Ne prendesti coscienza quasi all’improvviso e fu scioccante. Frattanto ti eri accorto (ma ancora non t’importava più di tanto) che il mondo, pian piano, ti girava le spalle. I pedanti non sono benvoluti poiché non saranno mai “di grande compagnia” e, non sempre accettabili, come il simpatico “Riccardo che da solo gioca al biliardo”.

In tal modo arriva il momento in cui i “belli”sono costretti a restituire il prestito. Che cosa possono fare, a questo punto, se non fracassare tutti gli specchi di casa ed isolarsi per nascondere il loro sfacelo? E alle “menti” invece, che cosa resta da fare? Gli artisti in genere (anche quelli sconosciuti) e gli assetati di sapere, dovrebbero bruciare tutti i loro libri, distruggere le loro opere.

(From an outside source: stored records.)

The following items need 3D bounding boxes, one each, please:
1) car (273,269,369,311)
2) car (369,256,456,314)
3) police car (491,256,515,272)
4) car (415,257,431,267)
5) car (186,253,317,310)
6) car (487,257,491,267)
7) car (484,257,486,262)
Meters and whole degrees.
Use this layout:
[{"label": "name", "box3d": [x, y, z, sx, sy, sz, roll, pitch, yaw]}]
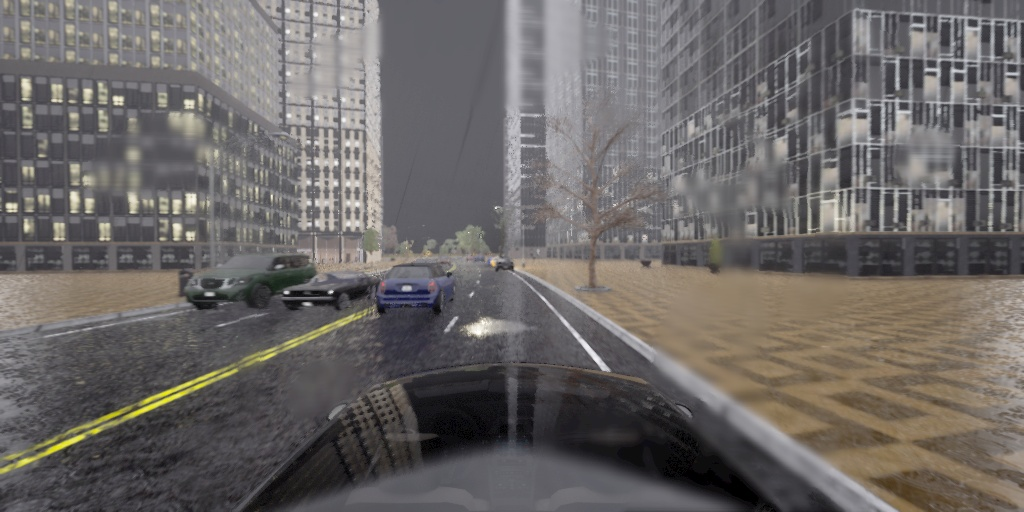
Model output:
[{"label": "car", "box3d": [-6.824, 1.268, 14.045, 1.895, 1.301, 4.718, 0, 1, -2]}, {"label": "car", "box3d": [-3.376, 1.011, 13.449, 2.097, 1.767, 4.553, 0, 1, -2]}, {"label": "police car", "box3d": [-0.858, 0.852, 38.780, 1.930, 1.638, 5.238, 0, 0, -6]}, {"label": "car", "box3d": [-13.904, 0.894, 56.140, 1.994, 1.385, 4.181, 0, 0, -8]}, {"label": "car", "box3d": [-10.102, 0.899, 14.626, 2.150, 2.045, 5.566, 0, 0, -2]}, {"label": "car", "box3d": [-2.013, 0.800, 48.954, 1.801, 1.575, 5.366, 0, 0, -7]}, {"label": "car", "box3d": [-2.805, 0.775, 54.805, 1.882, 1.535, 5.008, 0, 0, -8]}]
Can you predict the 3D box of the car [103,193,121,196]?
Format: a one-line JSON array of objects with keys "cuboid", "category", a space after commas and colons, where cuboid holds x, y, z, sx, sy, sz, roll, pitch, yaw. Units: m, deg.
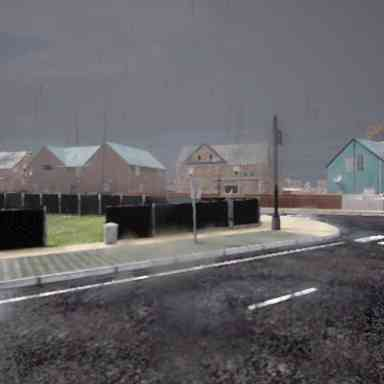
[{"cuboid": [-6.640, 0.878, 28.823, 5.008, 1.535, 1.882, 1, 1, 19], "category": "car"}]
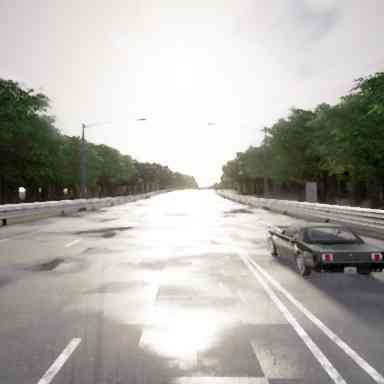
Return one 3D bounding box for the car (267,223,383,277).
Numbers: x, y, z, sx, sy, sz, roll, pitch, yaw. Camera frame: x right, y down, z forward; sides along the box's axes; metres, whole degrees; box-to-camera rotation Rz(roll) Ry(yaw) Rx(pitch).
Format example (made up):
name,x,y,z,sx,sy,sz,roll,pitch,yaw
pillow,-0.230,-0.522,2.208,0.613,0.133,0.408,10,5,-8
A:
name,x,y,z,sx,sy,sz,roll,pitch,yaw
car,3.751,1.596,10.247,1.895,1.301,4.718,0,0,-2
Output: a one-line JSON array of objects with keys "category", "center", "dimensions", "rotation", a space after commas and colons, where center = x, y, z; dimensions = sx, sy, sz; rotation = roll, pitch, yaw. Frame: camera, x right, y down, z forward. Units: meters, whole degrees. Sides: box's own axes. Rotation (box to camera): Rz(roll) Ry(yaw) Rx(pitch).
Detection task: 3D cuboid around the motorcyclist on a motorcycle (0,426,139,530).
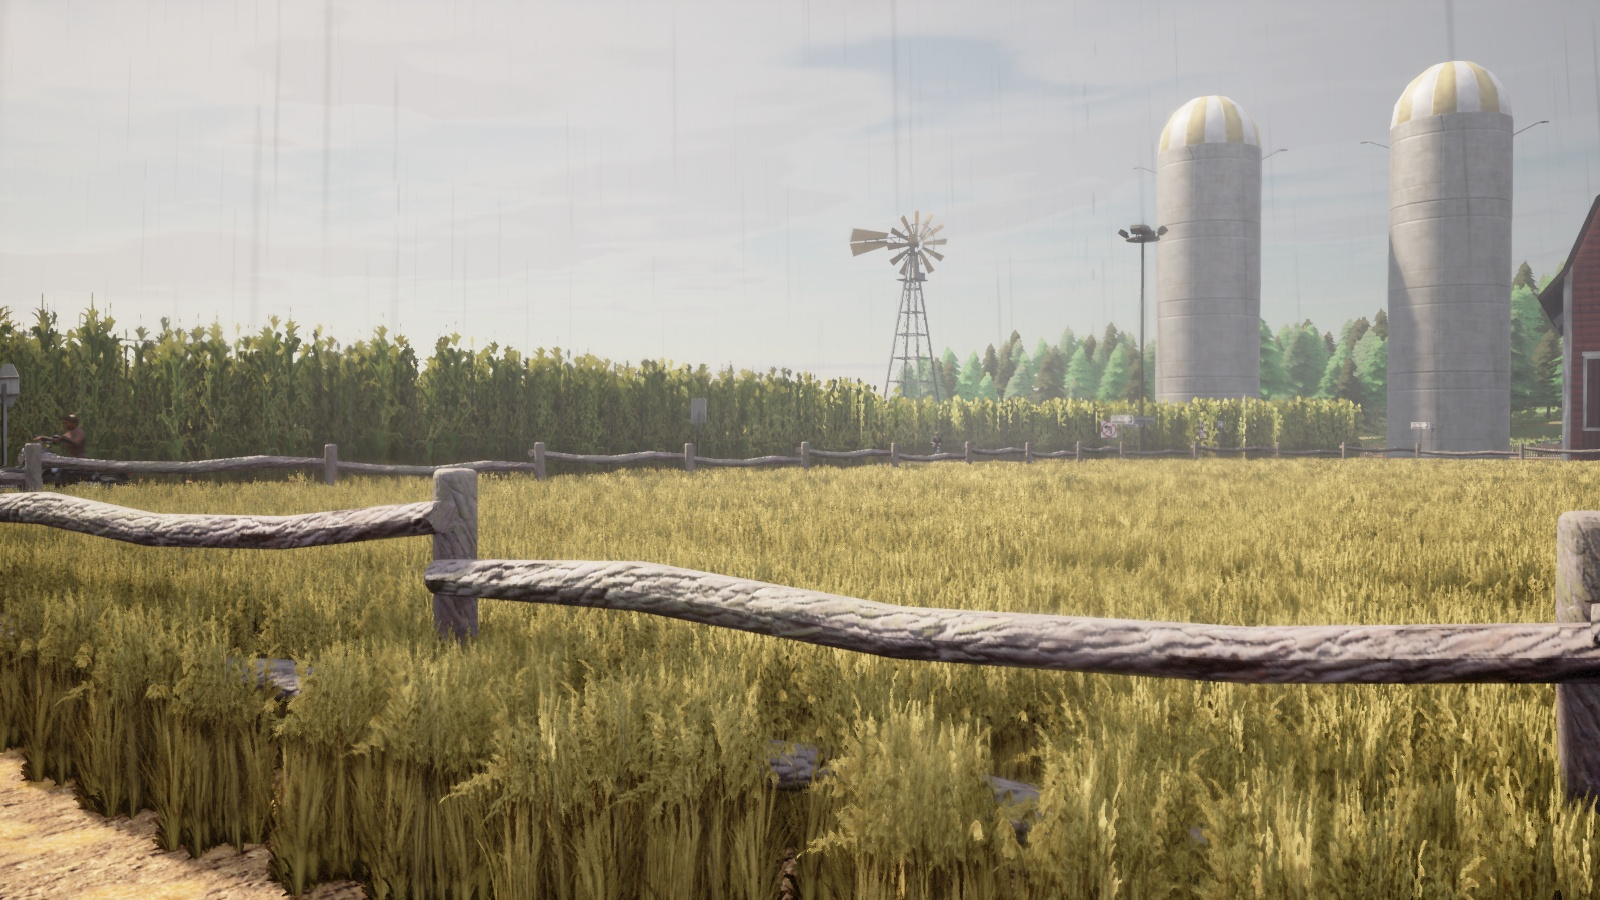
[{"category": "motorcyclist on a motorcycle", "center": [-12.373, 0.436, 20.883], "dimensions": [0.766, 1.649, 2.350], "rotation": [0, 0, 34]}]

Vien da chiedersi quanti di loro abbiano tale coraggio. E se anche così fosse la situazione non cambierebbe di un ette. Per nessuna delle due categorie.

E qui, a conclusione, sembra opportuna una frase che tutti, almeno una volta nella vita, abbiamo mormorato con le nostre parole: “Mi dica un po’, pastore, dove sta scritto che la vita debba avere un senso?” – (Eduard von Keyserling, Il castello di Dumala, Milano, Markos y Markos, 2005, pag. 31).